_ASSIGNED TASK:_
Please write out the line containing "2) forklift [840,2,1272,557]" and each line after it through the end of the data, exactly, and nothing else.
-------- SUPPLIED MATERIAL --------
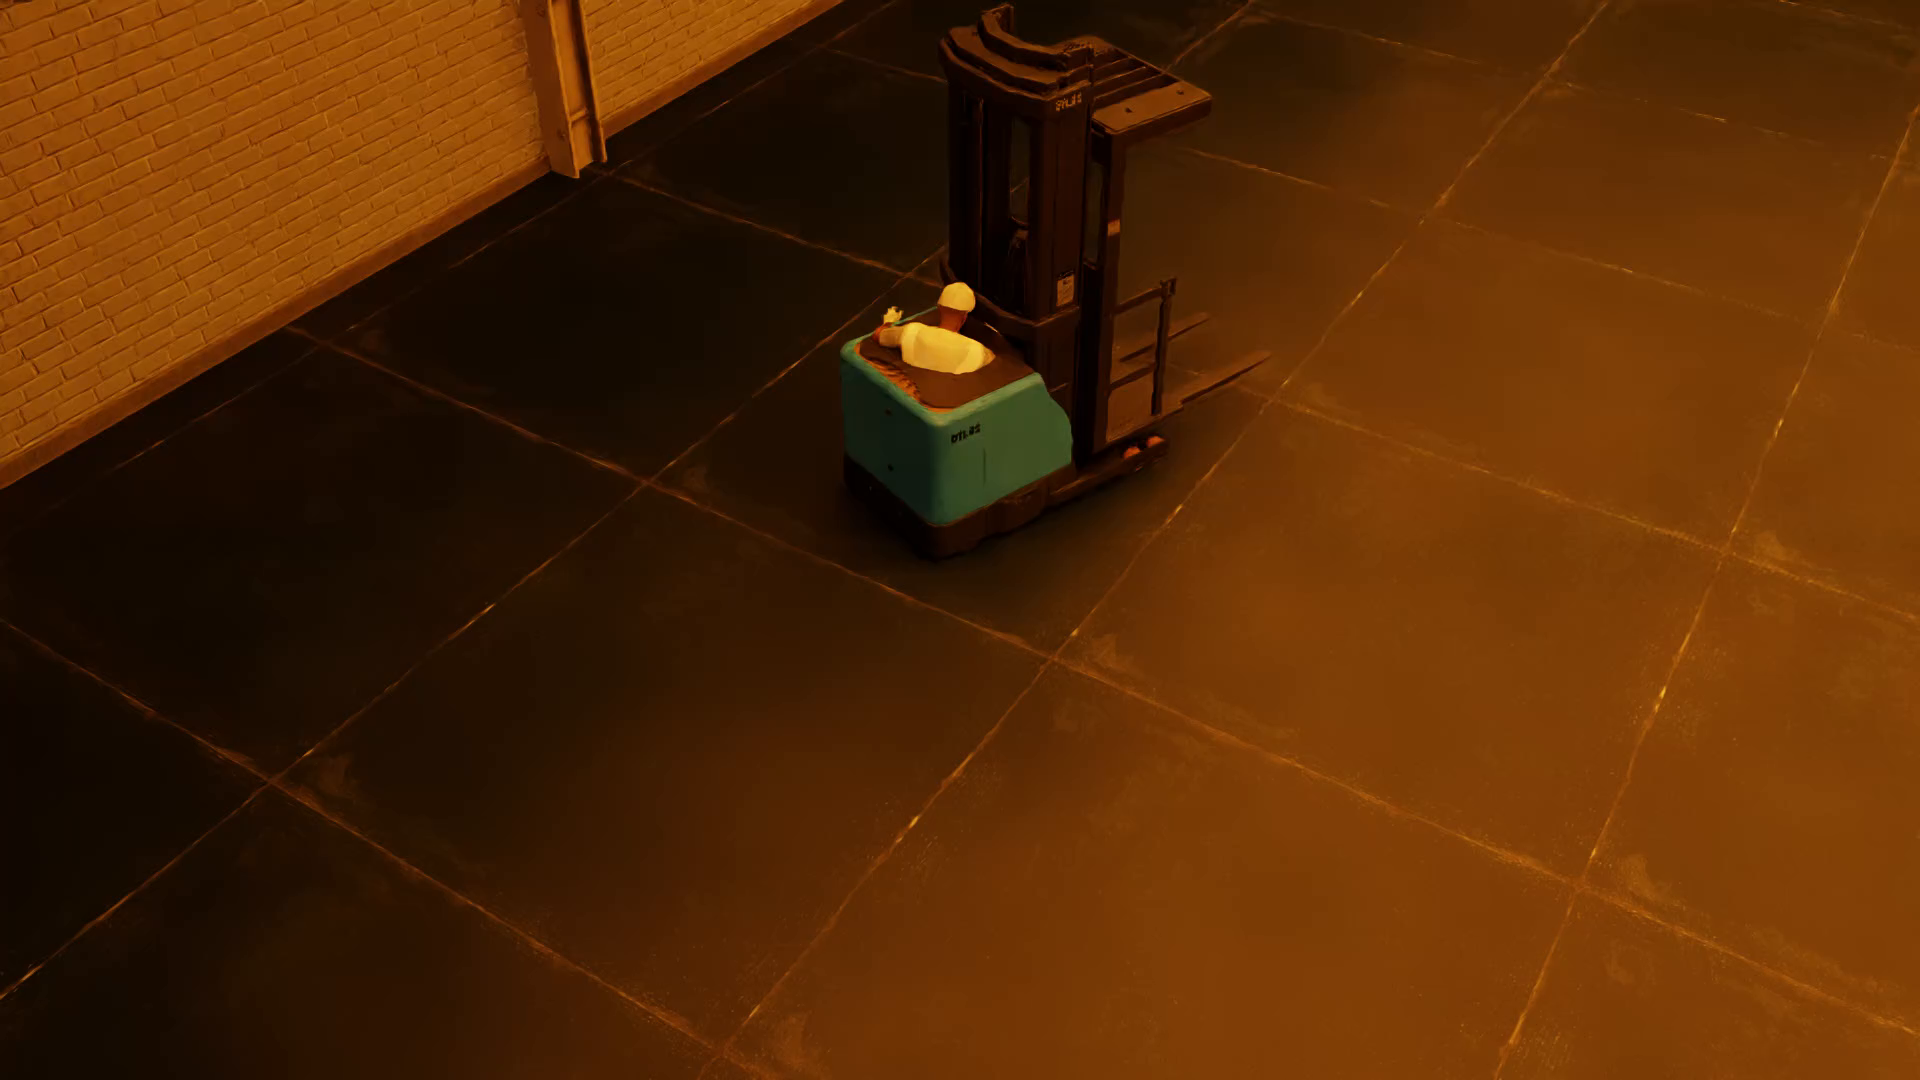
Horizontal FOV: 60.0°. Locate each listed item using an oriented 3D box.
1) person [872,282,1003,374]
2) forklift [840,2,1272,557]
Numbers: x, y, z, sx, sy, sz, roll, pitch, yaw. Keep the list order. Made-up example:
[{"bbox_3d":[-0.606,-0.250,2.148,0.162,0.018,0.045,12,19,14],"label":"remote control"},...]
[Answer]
[{"bbox_3d":[-0.058,-0.974,10.185,0.978,1.499,0.808,11,42,13],"label":"person"},{"bbox_3d":[0.740,-1.800,10.091,3.031,2.935,1.130,-26,47,-28],"label":"forklift"}]
--------
_OUTPUT OF THE TASK:_
2) forklift [840,2,1272,557]
Numbers: x, y, z, sx, sy, sz, roll, pitch, yaw. Keep the list order. Made-up example:
[{"bbox_3d":[-0.606,-0.250,2.148,0.162,0.018,0.045,12,19,14],"label":"remote control"},...]
[Answer]
[{"bbox_3d":[-0.058,-0.974,10.185,0.978,1.499,0.808,11,42,13],"label":"person"},{"bbox_3d":[0.740,-1.800,10.091,3.031,2.935,1.130,-26,47,-28],"label":"forklift"}]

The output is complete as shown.